At the hearing, Sen. Alfonse D'Amato, R-N.Y., asked for the Fed's continued support for his proposal to encourage the development of a secondary market for small-business loans, helping to ease the credit crunch.

Sen. D'Amato said the Fed chairman has already pledged support of the concept, if not all the details, of the bill.

Letter from Gonzalez

As the Fed chairman testified before the Senate, House Banking Committee Chairman Henry B. Gonzalez sent a letter to President Clinton asking him to pressure the Fed into easing monetary policy further.

"Instead of this continued policy of virtual no growth, this is the time to urge the Federal Reserve to follow a monetary policy that is consistent with your policies to put our citizens back to work," he wrote.

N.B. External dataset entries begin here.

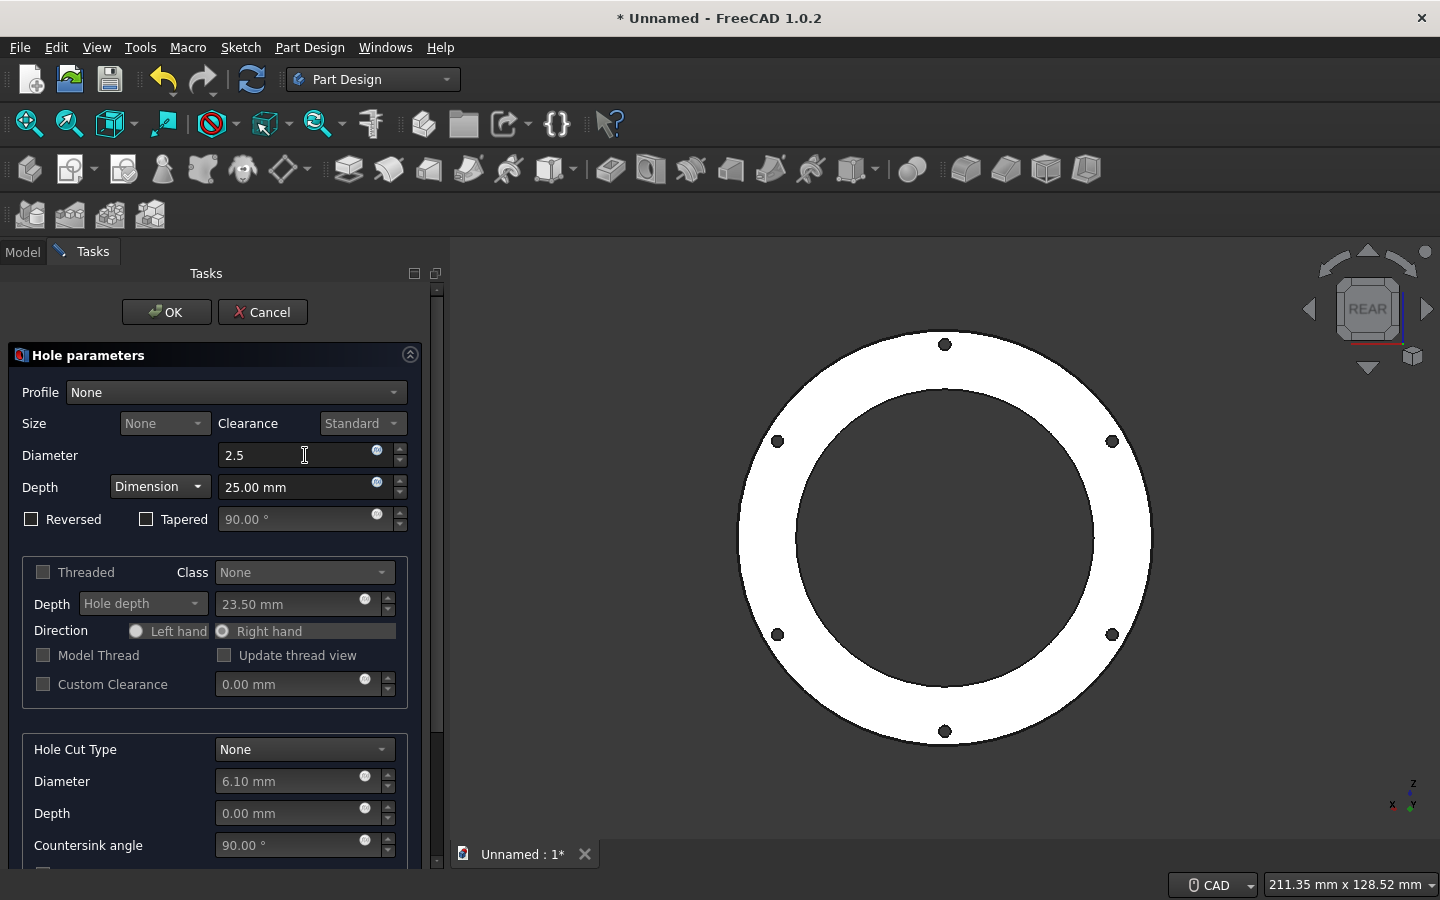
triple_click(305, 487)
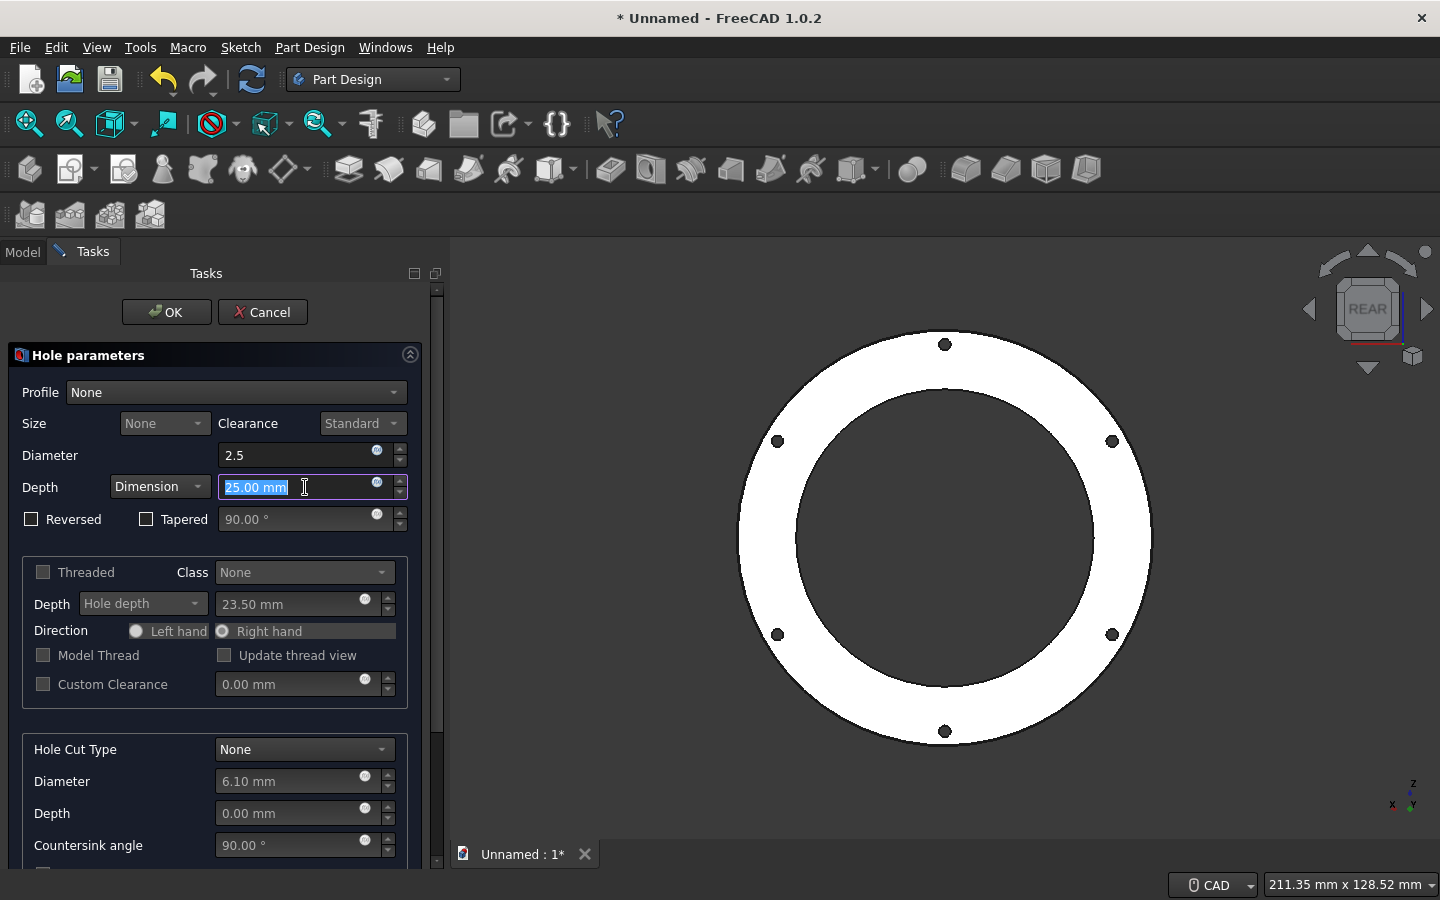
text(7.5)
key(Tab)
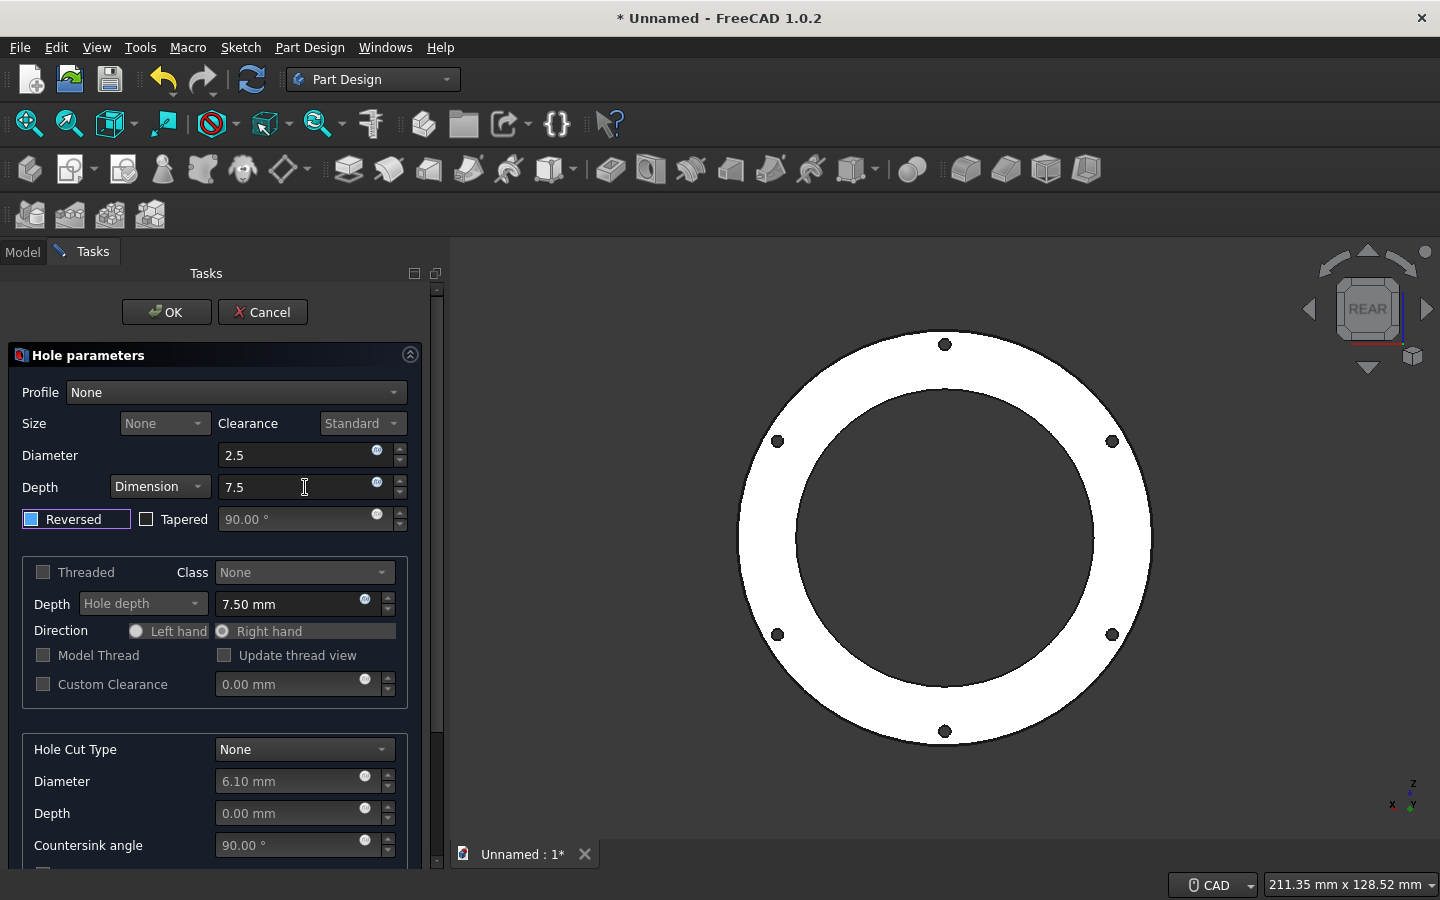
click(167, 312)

Mr. Gonzalez also urged the President to change banking laws. so that the 12 presidents of the Fed's district banks are made presidential appointees subject to Senate confirmation. Currently, the presidents are selected internally by the Fed. Mr. Gonzalez cited last week's selection of William J. McDonough to be president of the New York Fed as an example of the "old boy's bank network" that excludes qualified women and minorities.

"Because has been selected through the Federal Reserve's internal private mechanisms, he will manage our nation's money supply without ever going before the American people or their representatives," he wrote.